1. Napoli Pizza on Haiphong Street, Bai Chay

Tucked between a motorbike repair shop and a karaoke bar on Haiphong Street, Napoli Pizza is the kind of place you walk past three times before realizing it is there. The owner, a man named Tuan who spent two years working in a pizzeria in Melbourne, opened this spot in 2016 with a single wood-fired oven he imported secondhand from a closing restaurant in Da Nang. The oven is still the heart of the operation, and you can see it glowing from the street after dark.

What to Order: The "Ha Long Special" is a thin-crust pizza topped with locally caught squid, a drizzle of chili oil, and fresh herbs from the morning market. It sounds unusual, but the sweetness of the squid against the char of the crust is something I have never encountered anywhere else. Tuan also makes a classic margherita that uses a tomato sauce simmered for six hours with garlic and a touch of fish sauce, a trick he picked up from his Vietnamese mother-in-law.

Best Time: Arrive between 6:00 and 7:00 p.m. on a weekday. The oven takes time to reach full temperature each evening, and the first pizzas of the night, served around 6:15, have the best crust. By 8:30 p.m. on weekends, the wait can stretch past 40 minutes.

The Vibe: Bare concrete walls, a single ceiling fan, and about eight tables. It feels more like eating in someone's garage than a restaurant, and that is precisely the appeal.

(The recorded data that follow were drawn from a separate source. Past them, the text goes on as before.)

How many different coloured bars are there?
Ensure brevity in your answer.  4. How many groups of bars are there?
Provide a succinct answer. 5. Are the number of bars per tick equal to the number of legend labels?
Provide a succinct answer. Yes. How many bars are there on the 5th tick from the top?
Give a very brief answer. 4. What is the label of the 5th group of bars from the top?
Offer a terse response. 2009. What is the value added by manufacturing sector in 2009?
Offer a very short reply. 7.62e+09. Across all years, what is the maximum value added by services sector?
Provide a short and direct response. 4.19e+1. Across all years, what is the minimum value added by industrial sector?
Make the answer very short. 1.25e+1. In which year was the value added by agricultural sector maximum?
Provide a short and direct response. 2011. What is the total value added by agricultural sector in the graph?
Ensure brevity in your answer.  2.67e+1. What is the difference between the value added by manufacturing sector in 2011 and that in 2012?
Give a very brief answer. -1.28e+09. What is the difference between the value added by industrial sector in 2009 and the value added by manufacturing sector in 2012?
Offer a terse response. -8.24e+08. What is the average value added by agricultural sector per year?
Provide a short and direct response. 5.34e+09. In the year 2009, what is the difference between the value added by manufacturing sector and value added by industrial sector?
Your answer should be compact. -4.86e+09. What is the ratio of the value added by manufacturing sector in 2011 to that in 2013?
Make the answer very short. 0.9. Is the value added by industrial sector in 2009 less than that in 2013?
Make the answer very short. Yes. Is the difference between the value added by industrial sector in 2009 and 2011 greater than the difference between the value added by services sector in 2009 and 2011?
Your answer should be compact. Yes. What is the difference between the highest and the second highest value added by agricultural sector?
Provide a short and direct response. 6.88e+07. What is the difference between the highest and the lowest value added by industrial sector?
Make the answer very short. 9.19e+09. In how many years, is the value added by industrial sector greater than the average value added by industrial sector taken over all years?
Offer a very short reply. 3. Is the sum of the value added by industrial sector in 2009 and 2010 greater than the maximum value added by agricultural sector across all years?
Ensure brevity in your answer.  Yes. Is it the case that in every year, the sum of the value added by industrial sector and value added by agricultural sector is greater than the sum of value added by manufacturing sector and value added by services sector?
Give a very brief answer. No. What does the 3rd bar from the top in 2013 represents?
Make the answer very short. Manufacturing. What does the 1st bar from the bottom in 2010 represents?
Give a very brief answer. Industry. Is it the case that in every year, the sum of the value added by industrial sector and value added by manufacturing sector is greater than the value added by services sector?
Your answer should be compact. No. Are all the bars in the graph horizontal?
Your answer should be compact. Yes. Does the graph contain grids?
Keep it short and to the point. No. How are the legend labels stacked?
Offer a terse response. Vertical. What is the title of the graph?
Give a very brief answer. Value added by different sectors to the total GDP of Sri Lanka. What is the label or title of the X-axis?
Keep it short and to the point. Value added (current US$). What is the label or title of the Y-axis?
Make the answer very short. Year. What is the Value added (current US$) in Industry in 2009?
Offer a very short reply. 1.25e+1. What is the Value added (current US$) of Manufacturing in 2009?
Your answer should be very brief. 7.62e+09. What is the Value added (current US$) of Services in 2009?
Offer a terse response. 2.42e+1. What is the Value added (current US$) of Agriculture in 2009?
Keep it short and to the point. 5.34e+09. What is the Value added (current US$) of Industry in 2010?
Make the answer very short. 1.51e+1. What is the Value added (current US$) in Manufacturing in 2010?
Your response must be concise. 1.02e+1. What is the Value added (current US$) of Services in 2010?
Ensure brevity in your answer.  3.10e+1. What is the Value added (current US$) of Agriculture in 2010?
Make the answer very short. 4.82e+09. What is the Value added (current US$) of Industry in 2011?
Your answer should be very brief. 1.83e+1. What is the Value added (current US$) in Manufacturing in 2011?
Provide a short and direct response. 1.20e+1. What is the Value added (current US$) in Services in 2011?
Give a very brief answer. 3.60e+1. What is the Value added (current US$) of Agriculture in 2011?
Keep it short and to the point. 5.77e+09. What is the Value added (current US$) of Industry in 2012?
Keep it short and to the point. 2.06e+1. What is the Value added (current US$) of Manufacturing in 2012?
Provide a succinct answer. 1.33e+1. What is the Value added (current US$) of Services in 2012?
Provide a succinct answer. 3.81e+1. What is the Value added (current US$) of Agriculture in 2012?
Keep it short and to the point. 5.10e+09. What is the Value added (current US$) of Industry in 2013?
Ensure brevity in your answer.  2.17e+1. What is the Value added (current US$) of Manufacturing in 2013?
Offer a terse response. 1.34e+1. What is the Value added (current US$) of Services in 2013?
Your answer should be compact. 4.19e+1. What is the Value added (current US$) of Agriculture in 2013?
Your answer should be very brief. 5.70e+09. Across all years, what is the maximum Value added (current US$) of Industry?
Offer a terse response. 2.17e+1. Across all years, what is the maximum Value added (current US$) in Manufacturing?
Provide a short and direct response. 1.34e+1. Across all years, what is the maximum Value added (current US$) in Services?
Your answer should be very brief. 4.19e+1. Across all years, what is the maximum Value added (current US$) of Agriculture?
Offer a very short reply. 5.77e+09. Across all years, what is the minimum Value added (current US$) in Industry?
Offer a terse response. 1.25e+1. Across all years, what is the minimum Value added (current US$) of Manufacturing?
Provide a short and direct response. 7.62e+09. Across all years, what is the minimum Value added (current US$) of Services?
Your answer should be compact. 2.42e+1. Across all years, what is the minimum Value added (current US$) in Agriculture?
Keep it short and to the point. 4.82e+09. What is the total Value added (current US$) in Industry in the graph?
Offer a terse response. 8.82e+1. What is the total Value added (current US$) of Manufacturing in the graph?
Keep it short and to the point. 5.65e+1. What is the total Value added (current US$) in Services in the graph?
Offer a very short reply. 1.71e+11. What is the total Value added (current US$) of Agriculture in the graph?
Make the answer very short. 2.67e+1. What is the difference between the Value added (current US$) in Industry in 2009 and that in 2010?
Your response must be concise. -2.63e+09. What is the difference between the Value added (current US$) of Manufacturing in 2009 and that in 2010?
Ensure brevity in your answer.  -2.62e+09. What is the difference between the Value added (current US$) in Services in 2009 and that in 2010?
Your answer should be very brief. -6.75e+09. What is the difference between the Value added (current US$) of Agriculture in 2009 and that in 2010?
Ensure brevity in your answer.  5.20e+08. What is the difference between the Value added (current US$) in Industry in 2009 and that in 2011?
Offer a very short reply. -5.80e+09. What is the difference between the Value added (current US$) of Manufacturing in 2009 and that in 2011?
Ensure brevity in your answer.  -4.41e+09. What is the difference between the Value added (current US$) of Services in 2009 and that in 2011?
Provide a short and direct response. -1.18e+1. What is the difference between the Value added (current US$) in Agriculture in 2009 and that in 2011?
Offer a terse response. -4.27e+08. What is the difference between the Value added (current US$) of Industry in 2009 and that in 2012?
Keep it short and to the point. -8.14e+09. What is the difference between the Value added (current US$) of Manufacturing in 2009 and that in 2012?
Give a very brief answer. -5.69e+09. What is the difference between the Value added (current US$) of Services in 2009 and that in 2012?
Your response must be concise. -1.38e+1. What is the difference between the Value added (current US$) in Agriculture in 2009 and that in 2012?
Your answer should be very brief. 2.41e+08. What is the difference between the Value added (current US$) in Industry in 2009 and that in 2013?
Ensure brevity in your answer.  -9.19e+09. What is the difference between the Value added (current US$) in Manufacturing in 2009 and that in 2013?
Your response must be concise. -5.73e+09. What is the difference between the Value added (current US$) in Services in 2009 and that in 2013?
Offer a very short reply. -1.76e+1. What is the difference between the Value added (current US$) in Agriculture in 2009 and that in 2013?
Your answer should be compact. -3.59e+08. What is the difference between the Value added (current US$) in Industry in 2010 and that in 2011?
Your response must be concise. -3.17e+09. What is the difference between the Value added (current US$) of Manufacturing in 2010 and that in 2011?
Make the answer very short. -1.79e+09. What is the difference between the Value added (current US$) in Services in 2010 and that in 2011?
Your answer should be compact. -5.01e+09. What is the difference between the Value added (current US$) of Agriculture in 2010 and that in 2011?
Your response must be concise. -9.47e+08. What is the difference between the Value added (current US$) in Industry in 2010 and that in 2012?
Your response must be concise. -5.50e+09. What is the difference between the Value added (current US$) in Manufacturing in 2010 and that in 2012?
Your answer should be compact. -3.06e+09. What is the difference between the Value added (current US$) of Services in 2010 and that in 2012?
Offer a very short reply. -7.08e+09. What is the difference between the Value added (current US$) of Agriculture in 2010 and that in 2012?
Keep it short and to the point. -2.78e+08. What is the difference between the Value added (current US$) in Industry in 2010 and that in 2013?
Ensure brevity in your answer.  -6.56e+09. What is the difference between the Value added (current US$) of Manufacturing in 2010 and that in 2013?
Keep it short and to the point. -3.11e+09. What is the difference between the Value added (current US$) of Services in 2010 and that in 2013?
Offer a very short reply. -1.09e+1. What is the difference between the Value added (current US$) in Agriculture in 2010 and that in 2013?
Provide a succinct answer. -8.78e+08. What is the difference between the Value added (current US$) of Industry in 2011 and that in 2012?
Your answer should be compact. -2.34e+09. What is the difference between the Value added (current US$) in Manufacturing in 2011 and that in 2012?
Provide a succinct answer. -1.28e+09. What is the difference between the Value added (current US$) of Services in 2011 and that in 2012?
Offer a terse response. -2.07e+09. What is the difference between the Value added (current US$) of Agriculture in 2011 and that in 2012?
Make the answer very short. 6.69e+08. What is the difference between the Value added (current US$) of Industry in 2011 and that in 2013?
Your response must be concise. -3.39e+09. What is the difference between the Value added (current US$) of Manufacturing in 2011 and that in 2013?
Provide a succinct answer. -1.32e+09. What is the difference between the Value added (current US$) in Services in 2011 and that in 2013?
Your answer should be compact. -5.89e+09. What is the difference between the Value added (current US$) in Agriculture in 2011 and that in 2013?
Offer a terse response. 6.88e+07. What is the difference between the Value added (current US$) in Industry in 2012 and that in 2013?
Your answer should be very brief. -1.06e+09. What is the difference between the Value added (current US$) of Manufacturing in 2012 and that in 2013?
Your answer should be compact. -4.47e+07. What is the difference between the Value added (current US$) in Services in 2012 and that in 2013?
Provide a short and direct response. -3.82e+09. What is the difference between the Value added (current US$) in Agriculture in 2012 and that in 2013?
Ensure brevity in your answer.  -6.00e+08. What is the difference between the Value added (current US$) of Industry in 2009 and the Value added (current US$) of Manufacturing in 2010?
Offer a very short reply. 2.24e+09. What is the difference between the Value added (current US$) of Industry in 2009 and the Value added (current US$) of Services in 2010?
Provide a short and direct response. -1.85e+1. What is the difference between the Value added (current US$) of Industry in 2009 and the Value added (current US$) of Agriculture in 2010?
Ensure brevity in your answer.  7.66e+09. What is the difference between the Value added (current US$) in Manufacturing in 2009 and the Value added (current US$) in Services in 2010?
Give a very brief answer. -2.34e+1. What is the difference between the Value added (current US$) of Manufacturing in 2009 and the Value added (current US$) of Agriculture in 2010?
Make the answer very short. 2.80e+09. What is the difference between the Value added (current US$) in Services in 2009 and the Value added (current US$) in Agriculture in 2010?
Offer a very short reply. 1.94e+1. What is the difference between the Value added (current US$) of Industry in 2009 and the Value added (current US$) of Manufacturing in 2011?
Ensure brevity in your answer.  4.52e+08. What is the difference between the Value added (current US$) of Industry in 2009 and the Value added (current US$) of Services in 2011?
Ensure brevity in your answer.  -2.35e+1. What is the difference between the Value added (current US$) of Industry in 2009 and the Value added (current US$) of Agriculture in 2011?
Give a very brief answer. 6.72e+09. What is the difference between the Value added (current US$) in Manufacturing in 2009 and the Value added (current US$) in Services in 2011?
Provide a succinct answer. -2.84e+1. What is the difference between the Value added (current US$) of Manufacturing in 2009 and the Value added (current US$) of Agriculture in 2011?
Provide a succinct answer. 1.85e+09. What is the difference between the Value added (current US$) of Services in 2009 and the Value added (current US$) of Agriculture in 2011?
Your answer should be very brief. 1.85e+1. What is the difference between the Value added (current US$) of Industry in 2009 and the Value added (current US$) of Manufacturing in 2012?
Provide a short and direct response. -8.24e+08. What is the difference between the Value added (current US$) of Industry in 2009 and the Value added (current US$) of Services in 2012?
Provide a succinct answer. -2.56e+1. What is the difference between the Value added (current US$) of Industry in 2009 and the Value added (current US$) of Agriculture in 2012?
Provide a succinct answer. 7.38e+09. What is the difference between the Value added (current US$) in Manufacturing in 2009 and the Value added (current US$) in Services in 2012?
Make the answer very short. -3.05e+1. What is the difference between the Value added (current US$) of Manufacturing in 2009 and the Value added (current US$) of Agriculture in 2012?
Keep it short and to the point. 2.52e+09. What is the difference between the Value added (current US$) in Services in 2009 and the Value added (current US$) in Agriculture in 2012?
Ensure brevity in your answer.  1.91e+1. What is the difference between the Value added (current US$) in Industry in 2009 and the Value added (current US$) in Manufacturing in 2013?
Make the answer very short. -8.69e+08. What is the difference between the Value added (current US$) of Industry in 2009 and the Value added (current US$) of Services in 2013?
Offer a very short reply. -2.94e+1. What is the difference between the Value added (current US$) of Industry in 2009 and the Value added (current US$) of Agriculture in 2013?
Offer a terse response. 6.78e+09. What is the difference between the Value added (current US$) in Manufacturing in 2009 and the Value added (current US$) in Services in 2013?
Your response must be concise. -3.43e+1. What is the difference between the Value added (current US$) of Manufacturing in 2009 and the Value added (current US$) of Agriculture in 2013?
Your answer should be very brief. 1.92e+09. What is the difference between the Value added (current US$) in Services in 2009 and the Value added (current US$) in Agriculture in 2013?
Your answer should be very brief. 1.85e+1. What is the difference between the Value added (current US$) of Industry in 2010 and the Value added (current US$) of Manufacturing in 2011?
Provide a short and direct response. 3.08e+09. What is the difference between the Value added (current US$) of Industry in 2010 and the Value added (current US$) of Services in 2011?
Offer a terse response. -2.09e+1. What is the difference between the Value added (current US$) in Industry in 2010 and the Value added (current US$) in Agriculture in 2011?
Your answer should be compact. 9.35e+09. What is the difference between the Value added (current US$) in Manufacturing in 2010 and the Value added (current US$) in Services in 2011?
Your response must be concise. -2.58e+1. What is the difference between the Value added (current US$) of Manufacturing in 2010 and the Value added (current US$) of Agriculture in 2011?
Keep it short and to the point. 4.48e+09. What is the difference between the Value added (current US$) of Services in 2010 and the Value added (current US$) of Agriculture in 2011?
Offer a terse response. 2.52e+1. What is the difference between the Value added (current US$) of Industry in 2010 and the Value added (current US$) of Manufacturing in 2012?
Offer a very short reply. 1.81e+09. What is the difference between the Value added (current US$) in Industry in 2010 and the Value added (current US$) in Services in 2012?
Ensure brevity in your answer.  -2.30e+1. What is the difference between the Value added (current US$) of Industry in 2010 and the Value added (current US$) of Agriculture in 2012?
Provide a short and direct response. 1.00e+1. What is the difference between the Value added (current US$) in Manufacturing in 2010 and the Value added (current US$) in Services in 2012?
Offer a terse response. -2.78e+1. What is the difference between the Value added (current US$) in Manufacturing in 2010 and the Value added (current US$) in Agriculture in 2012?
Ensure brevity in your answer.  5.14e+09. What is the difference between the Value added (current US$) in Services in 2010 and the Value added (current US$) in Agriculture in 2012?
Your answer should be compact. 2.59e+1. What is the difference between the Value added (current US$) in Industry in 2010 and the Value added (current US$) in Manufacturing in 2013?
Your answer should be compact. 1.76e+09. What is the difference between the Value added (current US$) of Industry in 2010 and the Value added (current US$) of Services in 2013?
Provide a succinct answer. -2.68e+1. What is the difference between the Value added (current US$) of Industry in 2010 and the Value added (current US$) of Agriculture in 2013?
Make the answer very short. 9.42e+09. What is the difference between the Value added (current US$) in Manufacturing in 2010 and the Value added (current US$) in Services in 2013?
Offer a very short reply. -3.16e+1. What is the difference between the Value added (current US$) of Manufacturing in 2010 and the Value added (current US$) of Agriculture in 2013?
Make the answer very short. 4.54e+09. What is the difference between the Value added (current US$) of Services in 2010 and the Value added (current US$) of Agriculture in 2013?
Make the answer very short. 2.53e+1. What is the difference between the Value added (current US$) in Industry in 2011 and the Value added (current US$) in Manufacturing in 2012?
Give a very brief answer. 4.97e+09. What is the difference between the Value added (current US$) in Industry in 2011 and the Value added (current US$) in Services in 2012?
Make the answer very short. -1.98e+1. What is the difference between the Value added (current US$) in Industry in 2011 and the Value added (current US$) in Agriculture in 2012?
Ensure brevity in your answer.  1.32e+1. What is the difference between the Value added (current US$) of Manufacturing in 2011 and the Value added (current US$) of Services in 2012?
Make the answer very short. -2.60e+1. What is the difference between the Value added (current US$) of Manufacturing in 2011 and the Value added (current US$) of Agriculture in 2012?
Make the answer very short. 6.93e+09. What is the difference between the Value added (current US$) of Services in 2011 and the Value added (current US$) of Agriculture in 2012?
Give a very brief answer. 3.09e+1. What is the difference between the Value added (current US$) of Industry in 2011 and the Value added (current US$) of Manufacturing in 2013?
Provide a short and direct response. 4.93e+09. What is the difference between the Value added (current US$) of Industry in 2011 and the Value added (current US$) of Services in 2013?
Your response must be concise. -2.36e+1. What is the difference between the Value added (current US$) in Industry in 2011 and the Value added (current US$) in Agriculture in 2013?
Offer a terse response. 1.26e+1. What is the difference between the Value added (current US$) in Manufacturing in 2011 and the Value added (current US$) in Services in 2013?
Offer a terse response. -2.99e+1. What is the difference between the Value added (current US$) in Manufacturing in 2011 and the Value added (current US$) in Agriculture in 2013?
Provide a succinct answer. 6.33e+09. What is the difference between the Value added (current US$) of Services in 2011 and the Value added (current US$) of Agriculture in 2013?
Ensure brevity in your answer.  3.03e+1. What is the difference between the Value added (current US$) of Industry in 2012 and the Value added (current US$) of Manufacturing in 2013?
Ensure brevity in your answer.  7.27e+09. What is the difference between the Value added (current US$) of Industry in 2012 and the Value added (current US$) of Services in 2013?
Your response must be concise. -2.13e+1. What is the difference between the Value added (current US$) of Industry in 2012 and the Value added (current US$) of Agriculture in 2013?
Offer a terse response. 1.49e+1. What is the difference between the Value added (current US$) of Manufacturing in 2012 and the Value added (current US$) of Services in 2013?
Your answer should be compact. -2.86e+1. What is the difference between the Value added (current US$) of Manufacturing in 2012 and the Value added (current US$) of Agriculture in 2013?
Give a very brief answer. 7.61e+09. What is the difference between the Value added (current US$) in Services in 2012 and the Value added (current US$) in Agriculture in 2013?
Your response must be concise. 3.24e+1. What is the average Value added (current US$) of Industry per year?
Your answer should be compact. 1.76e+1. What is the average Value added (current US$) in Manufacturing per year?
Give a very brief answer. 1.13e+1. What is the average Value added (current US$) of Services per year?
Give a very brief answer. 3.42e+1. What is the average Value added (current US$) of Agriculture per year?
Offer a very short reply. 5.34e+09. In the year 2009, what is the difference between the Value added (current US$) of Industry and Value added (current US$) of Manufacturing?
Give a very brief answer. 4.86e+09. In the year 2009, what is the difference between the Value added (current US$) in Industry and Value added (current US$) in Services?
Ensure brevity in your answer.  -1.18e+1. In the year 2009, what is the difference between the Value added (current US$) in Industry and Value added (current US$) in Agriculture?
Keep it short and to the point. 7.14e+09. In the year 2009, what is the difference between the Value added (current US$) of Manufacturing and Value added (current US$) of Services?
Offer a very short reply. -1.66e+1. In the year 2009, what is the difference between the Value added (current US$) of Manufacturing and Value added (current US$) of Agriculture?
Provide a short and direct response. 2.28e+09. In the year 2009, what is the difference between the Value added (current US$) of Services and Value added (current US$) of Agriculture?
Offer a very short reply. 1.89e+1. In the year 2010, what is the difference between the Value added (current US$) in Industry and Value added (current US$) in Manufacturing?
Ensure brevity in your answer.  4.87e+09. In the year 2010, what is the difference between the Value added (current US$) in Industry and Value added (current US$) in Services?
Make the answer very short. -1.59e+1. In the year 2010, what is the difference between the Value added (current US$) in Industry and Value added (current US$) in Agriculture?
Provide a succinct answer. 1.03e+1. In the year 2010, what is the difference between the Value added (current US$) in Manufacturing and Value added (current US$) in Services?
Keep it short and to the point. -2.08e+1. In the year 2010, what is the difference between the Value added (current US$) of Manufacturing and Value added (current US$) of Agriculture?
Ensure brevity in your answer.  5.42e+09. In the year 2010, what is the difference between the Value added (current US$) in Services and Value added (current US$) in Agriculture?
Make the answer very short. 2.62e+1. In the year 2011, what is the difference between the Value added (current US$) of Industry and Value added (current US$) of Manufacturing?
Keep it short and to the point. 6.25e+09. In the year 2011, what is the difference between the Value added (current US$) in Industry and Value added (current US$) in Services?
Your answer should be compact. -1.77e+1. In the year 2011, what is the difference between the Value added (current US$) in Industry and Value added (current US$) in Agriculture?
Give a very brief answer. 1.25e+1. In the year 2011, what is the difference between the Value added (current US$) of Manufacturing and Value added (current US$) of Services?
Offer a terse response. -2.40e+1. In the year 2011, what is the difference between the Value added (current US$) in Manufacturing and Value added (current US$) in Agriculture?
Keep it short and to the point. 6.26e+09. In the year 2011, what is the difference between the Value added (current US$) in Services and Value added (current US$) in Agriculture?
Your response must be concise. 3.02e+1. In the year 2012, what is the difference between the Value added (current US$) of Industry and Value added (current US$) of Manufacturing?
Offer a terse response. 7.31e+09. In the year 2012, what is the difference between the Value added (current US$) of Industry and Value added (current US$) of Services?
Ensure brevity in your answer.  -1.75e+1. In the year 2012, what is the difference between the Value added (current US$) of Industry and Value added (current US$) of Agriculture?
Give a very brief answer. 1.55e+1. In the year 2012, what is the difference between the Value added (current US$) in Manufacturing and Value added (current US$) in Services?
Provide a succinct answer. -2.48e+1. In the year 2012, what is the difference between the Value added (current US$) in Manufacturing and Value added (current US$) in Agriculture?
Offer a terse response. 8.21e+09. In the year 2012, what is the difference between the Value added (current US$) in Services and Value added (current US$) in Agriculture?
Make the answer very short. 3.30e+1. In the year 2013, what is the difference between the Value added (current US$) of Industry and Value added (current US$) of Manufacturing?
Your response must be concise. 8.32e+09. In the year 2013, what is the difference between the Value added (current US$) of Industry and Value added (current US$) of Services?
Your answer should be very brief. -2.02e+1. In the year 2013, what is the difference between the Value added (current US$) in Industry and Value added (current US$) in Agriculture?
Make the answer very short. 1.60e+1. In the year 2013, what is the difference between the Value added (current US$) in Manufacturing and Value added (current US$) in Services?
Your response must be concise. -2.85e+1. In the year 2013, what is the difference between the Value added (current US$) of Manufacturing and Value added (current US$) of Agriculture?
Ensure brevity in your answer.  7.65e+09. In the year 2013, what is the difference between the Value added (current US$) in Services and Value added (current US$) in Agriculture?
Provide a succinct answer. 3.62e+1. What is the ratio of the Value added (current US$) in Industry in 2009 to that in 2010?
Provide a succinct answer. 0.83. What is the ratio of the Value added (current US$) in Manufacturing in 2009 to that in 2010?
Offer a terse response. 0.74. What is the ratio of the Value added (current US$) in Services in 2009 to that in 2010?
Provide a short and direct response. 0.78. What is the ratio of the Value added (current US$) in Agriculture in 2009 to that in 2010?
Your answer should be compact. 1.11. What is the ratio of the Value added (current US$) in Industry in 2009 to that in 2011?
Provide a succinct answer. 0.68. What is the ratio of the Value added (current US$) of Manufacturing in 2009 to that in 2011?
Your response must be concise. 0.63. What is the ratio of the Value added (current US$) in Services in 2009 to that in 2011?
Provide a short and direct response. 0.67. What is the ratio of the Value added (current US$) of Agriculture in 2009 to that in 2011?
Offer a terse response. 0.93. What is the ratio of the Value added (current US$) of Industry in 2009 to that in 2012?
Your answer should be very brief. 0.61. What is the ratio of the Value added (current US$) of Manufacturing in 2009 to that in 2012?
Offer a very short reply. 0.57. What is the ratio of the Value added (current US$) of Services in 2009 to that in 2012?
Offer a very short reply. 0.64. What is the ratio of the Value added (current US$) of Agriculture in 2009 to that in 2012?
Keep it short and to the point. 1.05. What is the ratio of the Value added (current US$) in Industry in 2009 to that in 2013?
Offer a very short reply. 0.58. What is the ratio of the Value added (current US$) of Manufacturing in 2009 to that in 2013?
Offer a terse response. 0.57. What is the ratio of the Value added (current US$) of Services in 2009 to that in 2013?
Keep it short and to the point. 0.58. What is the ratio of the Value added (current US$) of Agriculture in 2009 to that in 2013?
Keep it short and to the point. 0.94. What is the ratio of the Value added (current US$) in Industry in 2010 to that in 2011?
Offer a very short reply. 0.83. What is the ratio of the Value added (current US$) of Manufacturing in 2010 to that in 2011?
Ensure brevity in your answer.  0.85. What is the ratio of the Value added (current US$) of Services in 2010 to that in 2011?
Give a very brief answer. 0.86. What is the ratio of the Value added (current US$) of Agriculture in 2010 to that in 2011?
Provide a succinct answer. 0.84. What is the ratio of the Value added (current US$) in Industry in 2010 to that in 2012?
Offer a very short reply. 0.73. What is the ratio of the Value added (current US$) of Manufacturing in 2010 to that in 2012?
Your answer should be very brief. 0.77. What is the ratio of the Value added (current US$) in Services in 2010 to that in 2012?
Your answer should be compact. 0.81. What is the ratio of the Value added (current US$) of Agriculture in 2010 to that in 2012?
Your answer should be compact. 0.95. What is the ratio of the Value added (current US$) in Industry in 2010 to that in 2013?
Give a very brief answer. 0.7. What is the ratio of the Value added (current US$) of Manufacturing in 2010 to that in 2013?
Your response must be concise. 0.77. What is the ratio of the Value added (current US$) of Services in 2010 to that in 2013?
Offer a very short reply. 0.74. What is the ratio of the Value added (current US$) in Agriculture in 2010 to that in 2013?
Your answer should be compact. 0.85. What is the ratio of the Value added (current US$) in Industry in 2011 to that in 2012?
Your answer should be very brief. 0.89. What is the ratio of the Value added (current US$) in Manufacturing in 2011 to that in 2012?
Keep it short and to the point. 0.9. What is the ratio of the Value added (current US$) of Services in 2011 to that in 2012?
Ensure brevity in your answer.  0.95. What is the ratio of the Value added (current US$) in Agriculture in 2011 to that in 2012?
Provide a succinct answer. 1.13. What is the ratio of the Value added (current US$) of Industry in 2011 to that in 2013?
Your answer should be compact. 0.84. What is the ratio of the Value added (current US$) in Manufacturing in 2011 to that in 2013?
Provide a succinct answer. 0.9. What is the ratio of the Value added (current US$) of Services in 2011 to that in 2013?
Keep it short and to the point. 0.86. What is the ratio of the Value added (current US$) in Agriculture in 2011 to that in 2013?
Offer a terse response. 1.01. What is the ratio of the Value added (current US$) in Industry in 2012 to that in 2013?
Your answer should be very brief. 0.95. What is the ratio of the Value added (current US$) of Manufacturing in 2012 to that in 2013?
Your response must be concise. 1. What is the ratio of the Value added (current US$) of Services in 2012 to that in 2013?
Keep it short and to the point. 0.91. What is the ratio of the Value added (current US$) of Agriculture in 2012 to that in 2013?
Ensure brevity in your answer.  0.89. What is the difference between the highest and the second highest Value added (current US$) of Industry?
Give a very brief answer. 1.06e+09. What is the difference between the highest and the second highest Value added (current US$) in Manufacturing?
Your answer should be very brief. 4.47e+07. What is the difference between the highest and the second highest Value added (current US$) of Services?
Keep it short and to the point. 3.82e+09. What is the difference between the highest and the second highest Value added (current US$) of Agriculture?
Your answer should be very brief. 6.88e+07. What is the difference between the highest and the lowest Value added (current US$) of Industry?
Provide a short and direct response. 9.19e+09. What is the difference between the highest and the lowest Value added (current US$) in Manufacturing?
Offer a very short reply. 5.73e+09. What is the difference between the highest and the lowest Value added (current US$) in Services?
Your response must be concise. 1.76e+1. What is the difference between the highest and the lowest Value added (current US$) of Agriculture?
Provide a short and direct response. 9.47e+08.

The only real drawback is that the space is tiny, and if you are a group larger than four, you will almost certainly be split across two tables with no guarantee they will be near each other.

Local Tip: Tuan closes every Monday without exception. He uses the day to drive to a farm outside Cam Pha to pick up fresh herbs and vegetables. If you show up on a Monday, you will find only a hand-written sign in Vietnamese that roughly translates to "Gone farming, sorry."

What Most Tourists Do Not Know: There is a small chalkboard menu behind the oven that lists off-menu items available only if you ask. A four-cheese pizza with a local goat cheese from the highlands near the Chinese border appears on this board about once a week, and it sells out within the hour.


2. Pizza 4P's (if operating in the Ha Long Bay area) and the Broader Pizza 4P's Influence

Pizza 4P's is a well-known Vietnamese chain founded by Japanese and Vietnamese entrepreneurs, with locations in Ho Chi Minh City, Hanoi, and Da Nang. As of my most recent visits, a full standalone Pizza 4P's location has not opened directly in Ha Long Bay proper, but the brand's influence on the local pizza scene is impossible to ignore. Several local pizza spots Ha Long Bay residents frequent have adopted techniques and sourcing philosophies inspired by Pizza 4P's, particularly their emphasis on house-made cheese and in-house fermentation.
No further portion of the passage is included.